--- Exercise description ---
The entries are to be reproduced word for word, with all images left out.

--- Data for analysis ---

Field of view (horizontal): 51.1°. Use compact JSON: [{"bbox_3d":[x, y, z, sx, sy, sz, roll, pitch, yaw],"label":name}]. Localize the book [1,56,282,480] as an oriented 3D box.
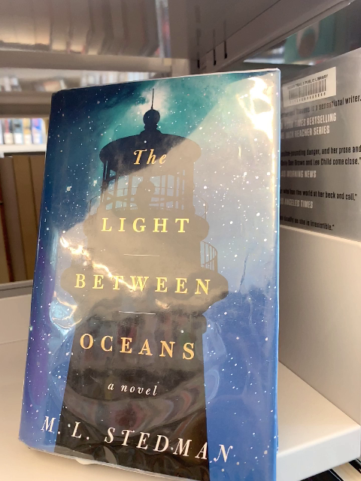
[{"bbox_3d":[-0.019,0.012,0.233,0.156,0.226,0.042,0,-9,16],"label":"book"}]
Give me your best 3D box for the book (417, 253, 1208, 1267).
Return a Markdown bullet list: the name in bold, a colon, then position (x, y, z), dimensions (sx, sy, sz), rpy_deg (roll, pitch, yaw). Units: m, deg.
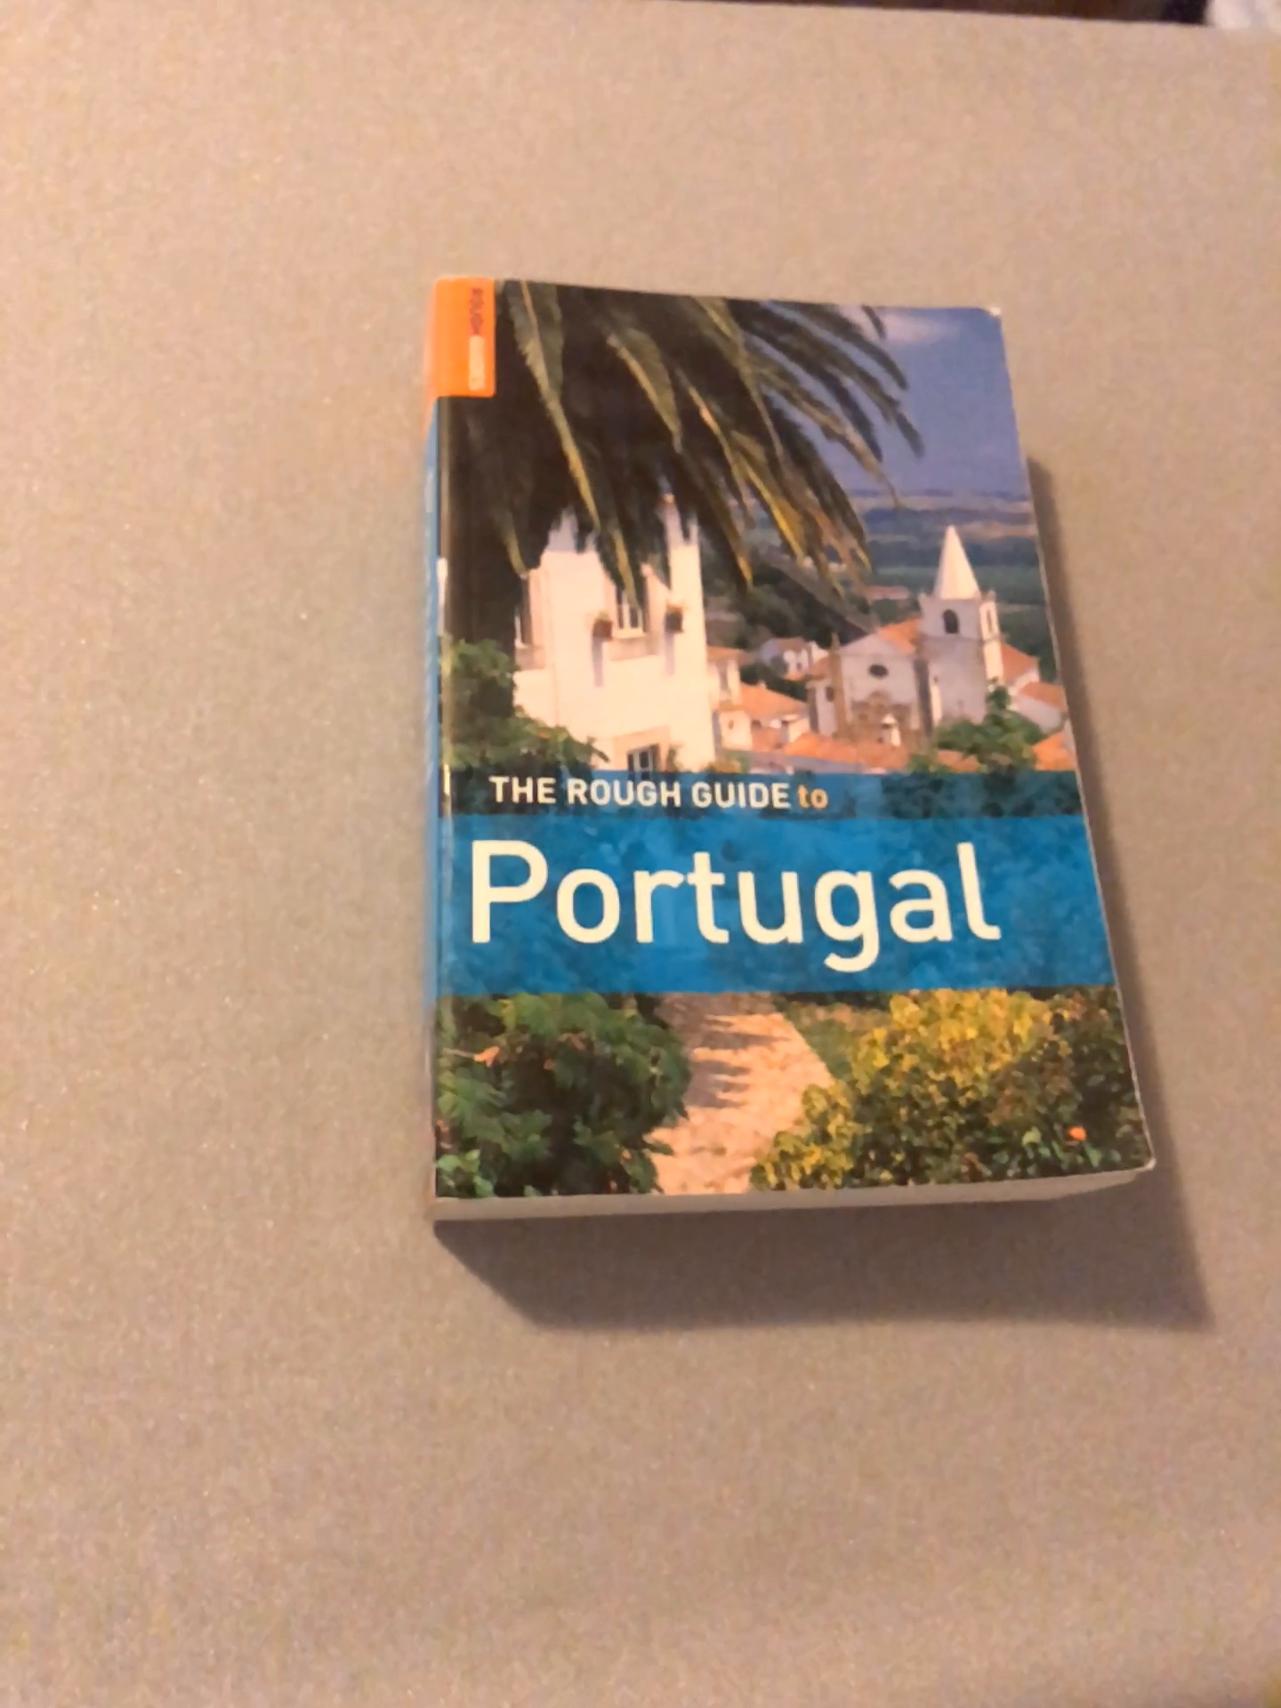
- **book**: position (0.024, -0.025, 0.299), dimensions (0.139, 0.040, 0.204), rpy_deg (0, 69, -9)
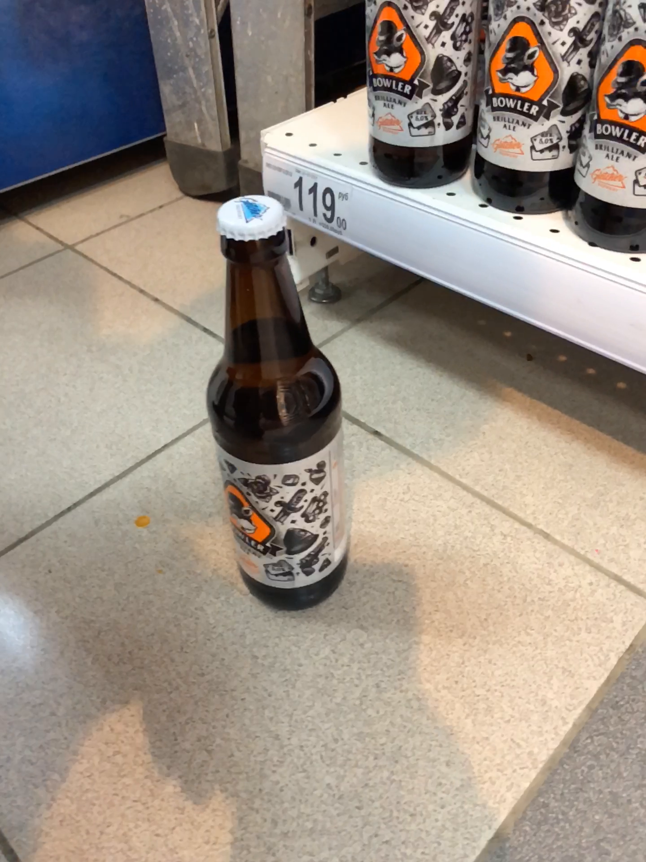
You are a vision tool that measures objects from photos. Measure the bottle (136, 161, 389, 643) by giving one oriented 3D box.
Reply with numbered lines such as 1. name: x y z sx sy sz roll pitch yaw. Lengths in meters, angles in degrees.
1. bottle: -0.019 -0.001 0.368 0.075 0.239 0.070 -2 42 2
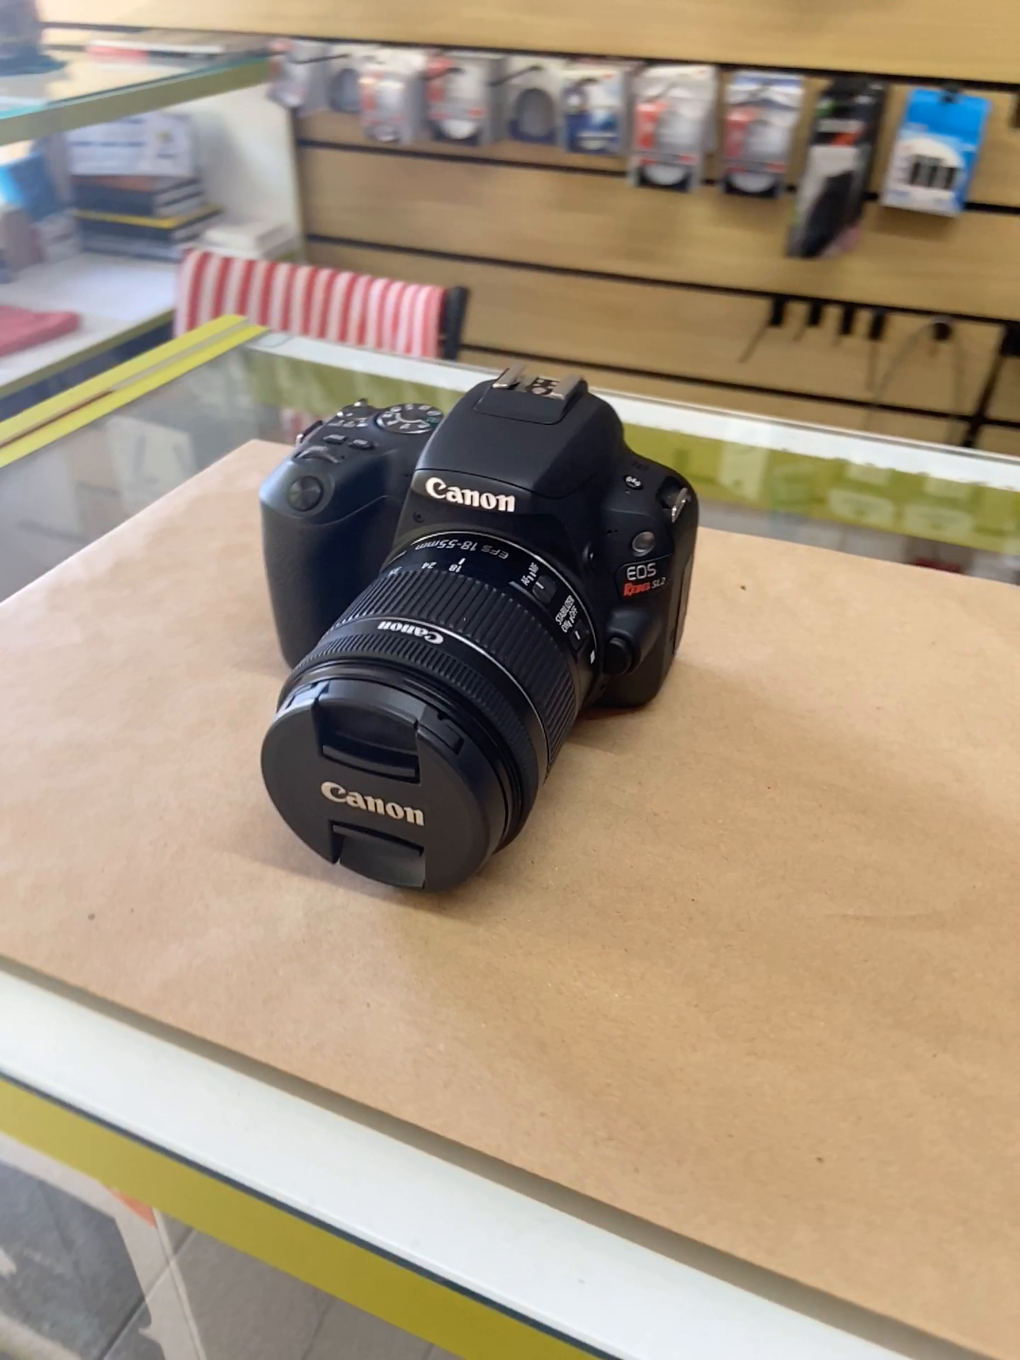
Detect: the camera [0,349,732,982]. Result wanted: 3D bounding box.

--- Finished exercise ---
Field of view (horizontal): 51.1°. Use compact JSON: [{"bbox_3d":[x, y, z, sx, sy, sz, roll, pitch, yaw],"label":name}]. Localize the book [1,56,282,480] as an oriented 3D box.
[{"bbox_3d":[-0.019,0.012,0.233,0.156,0.226,0.042,0,-9,16],"label":"book"}]
Give me your best 3D box for the book (417, 253, 1208, 1267).
Return a Markdown bullet list: the name in bold, a colon, then position (x, y, z), dimensions (sx, sy, sz), rpy_deg (roll, pitch, yaw). Units: m, deg.
- **book**: position (0.024, -0.025, 0.299), dimensions (0.139, 0.040, 0.204), rpy_deg (0, 69, -9)
You are a vision tool that measures objects from photos. Measure the bottle (136, 161, 389, 643) by giving one oriented 3D box.
Reply with numbered lines such as 1. name: x y z sx sy sz roll pitch yaw. Lengths in meters, angles in degrees.
1. bottle: -0.019 -0.001 0.368 0.075 0.239 0.070 -2 42 2
Detect: the camera [0,349,732,982]. Result wanted: 3D bounding box.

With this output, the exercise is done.